Two large important airports, but passengers landing at one might want to catch a flight at the other — so how about a plane flight between the two?

That was the odd to our minds, but at the time quite sensible solution to how to persuade more airlines to use Gatwick when their passengers preferred Heathrow.

This was to solve two core problems. At the time, the 1960s, airlines were more often tools of government’s soft power projecting their country overseas and giving often first time flyers a more familiar experience. Government flagship airlines also liked to fly to important airports.

In London’s case, that meant Heathrow, not the second fiddle thing down at Gatwick — and this was even then causing unnecessary congestion at Heathrow.
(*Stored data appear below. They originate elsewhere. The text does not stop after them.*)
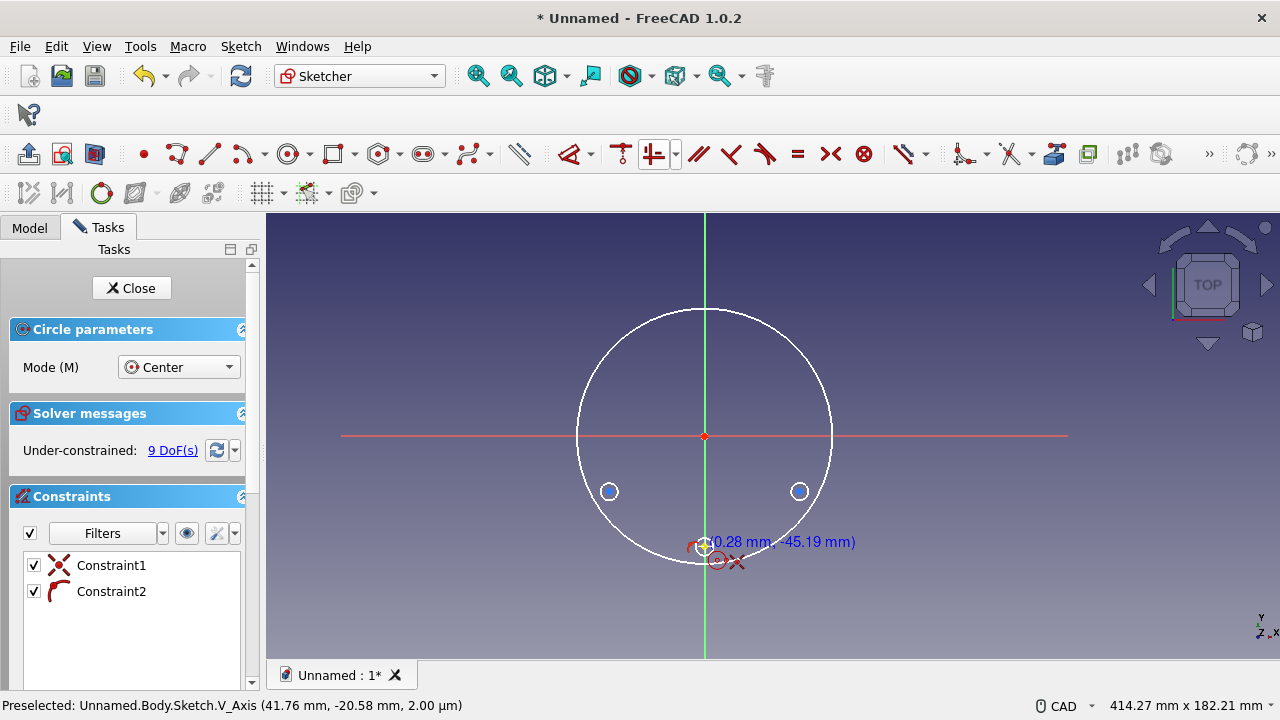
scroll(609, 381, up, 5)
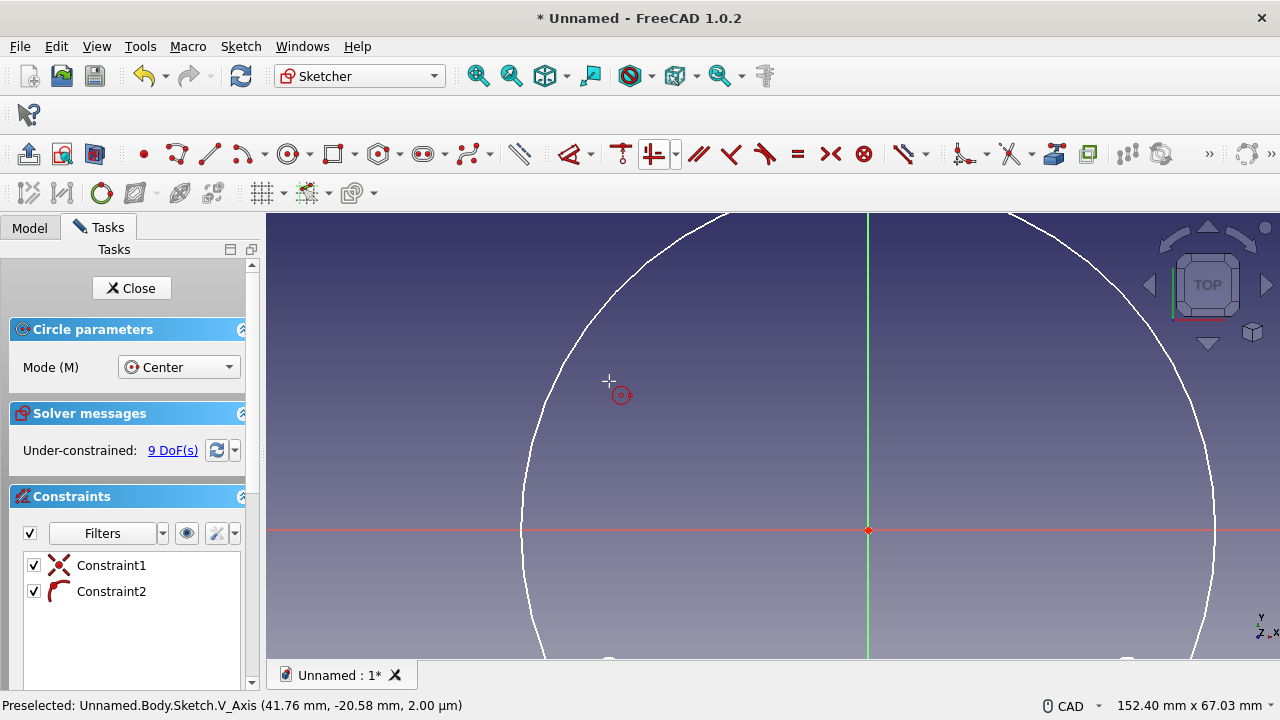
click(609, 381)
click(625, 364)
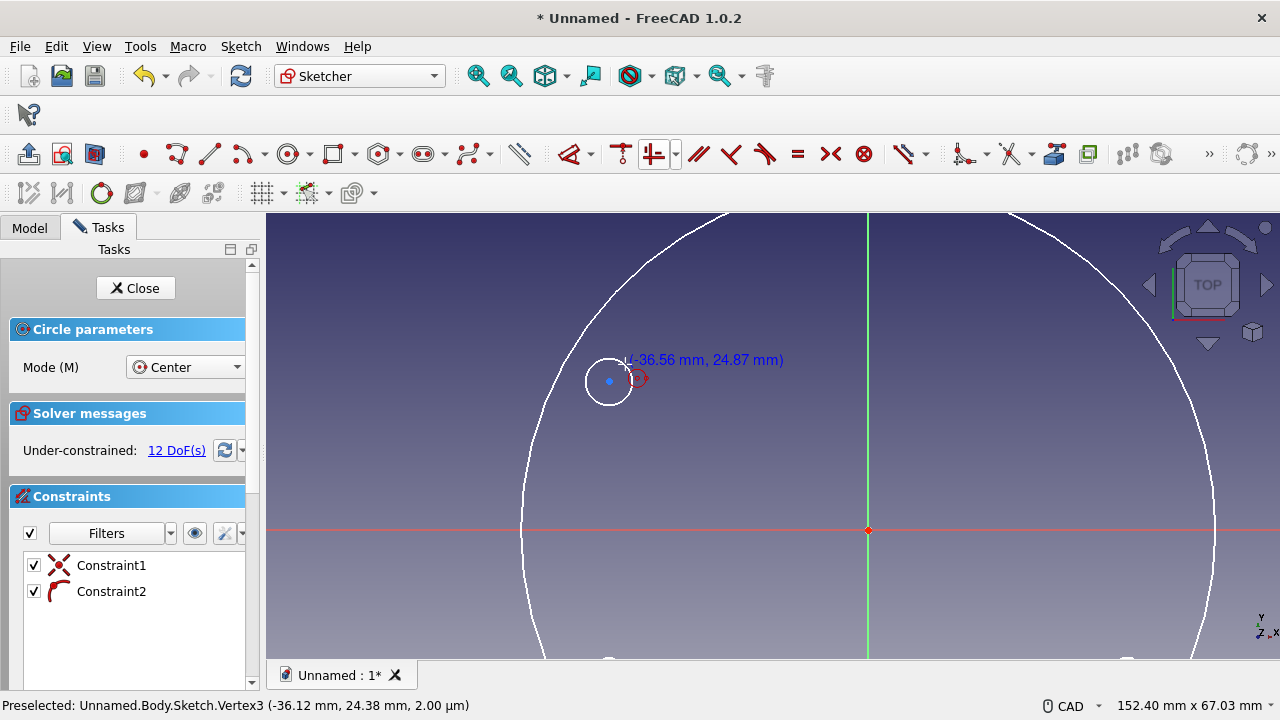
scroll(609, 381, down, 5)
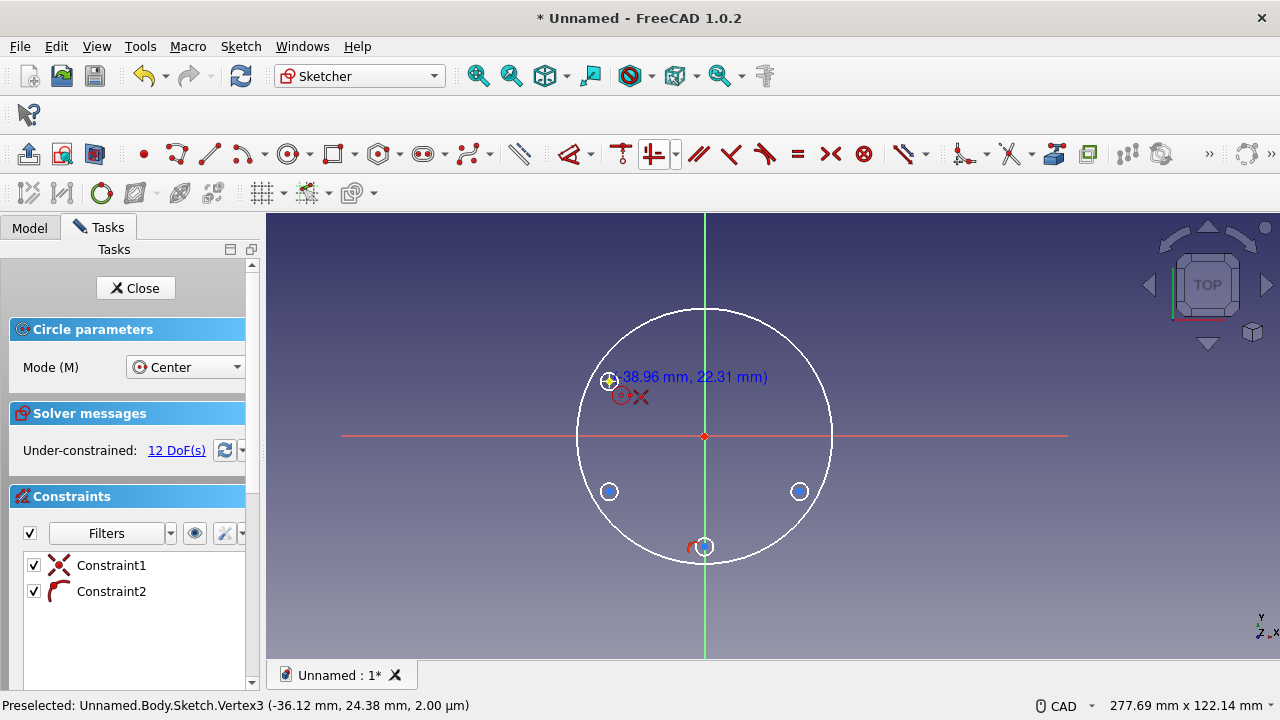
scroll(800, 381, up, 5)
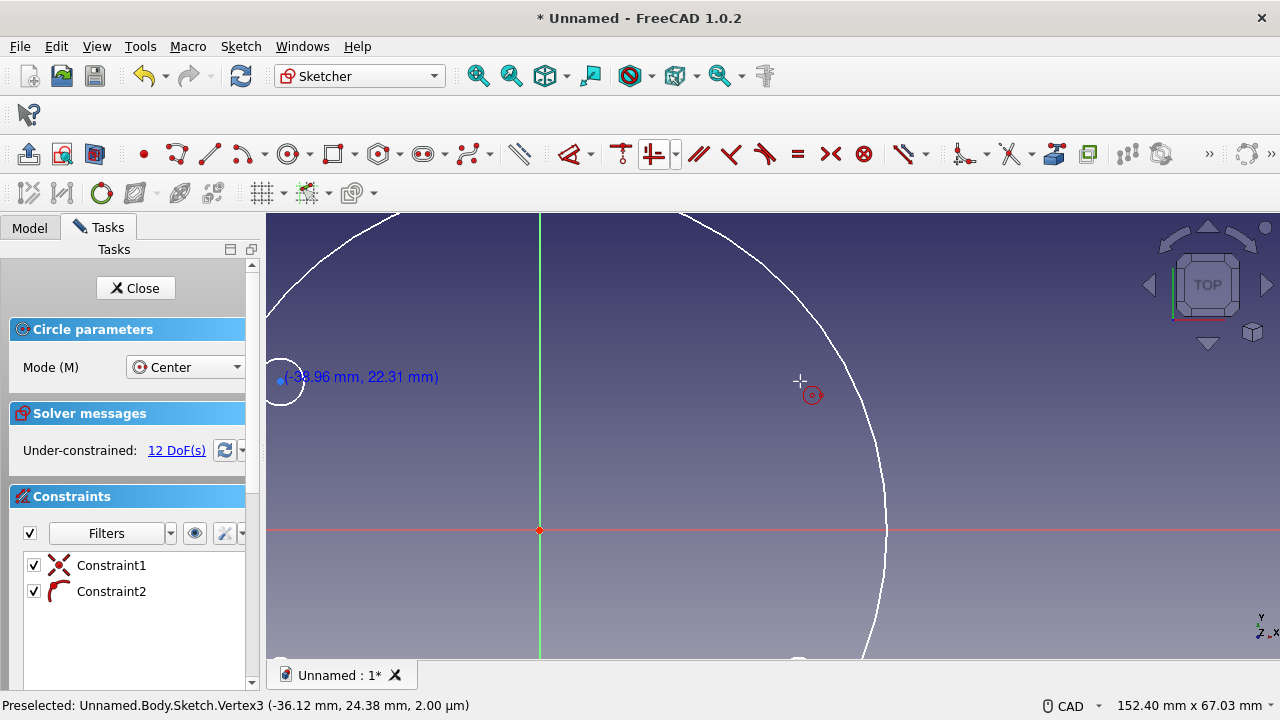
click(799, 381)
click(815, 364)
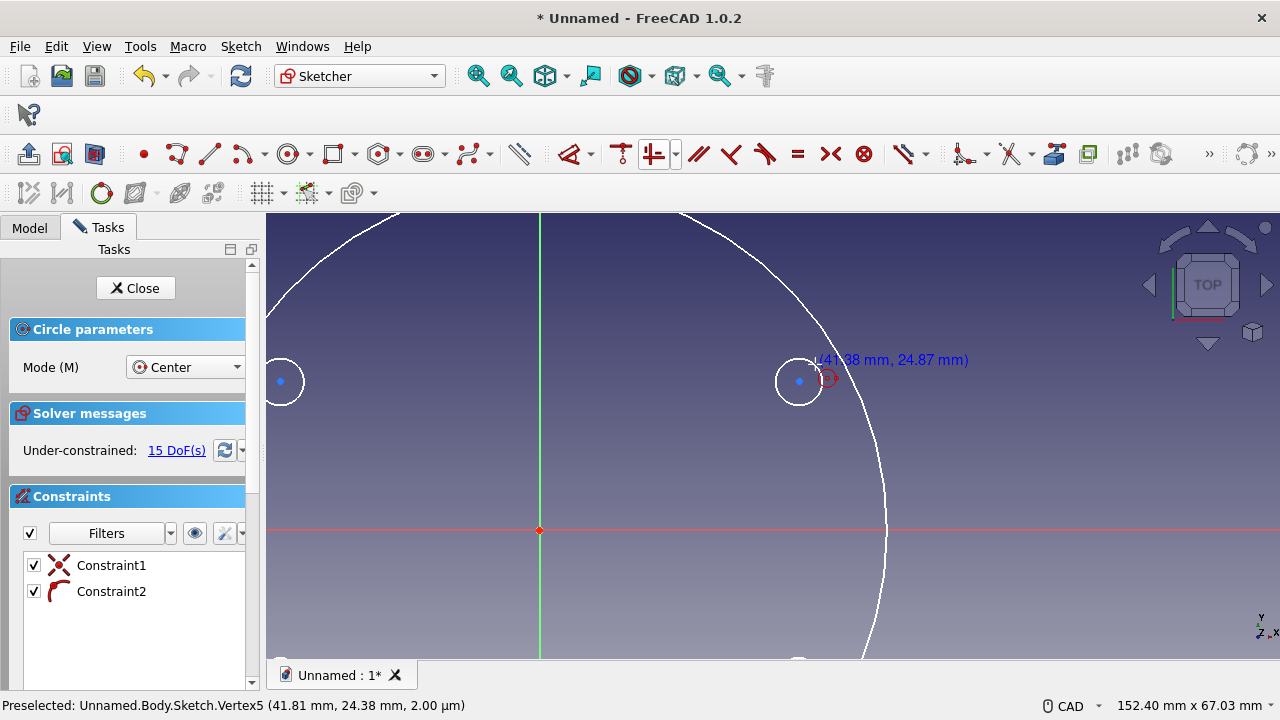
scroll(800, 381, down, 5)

Airlines persuaded to land at Gatwick wanted a quick way of getting staff and passengers to other connecting flights that might be taking off at Heathrow.

Also at the time, the M25 motorway didn’t exist, so journeys by road were slow.

To solve this, on 25th June 1969 a plane offered very short shuttle hops between the two airports. Seems that it was supposed to launch on the 21st June, but for some reason, didn’t.

Launched by Cornwall-based Westward Airlines using a small “island hopped” plane between Heathrow and the General Aviation Terminal at Gatwick. The service offered 6 flights per day when it launched, with 8 flights at weekends.

The trips cost £4 one-way, and freight was carried at a rate of 5s a pound.

However, the service wasn’t that well promoted, and the operator had problems when its plane had an accident in February 1970 and they had to lease a second plane instead.

They also suffered from problems flying into Heathrow behind the big transatlantic planes, and the huge turbulence they left in their wake. One pilot tells of the time his plane was thrown into a 90 degree bank and was nearly turned upside down when he came too close to the plane in front.

There was also the problem of the unions, who objected to the airline using sub-contracting for its desk staff at the airports.

The service managed to limp on for a few more months, but closed on the 22nd August 1970. It does however still hold the record of offering the shortest regular flights out of Heathrow.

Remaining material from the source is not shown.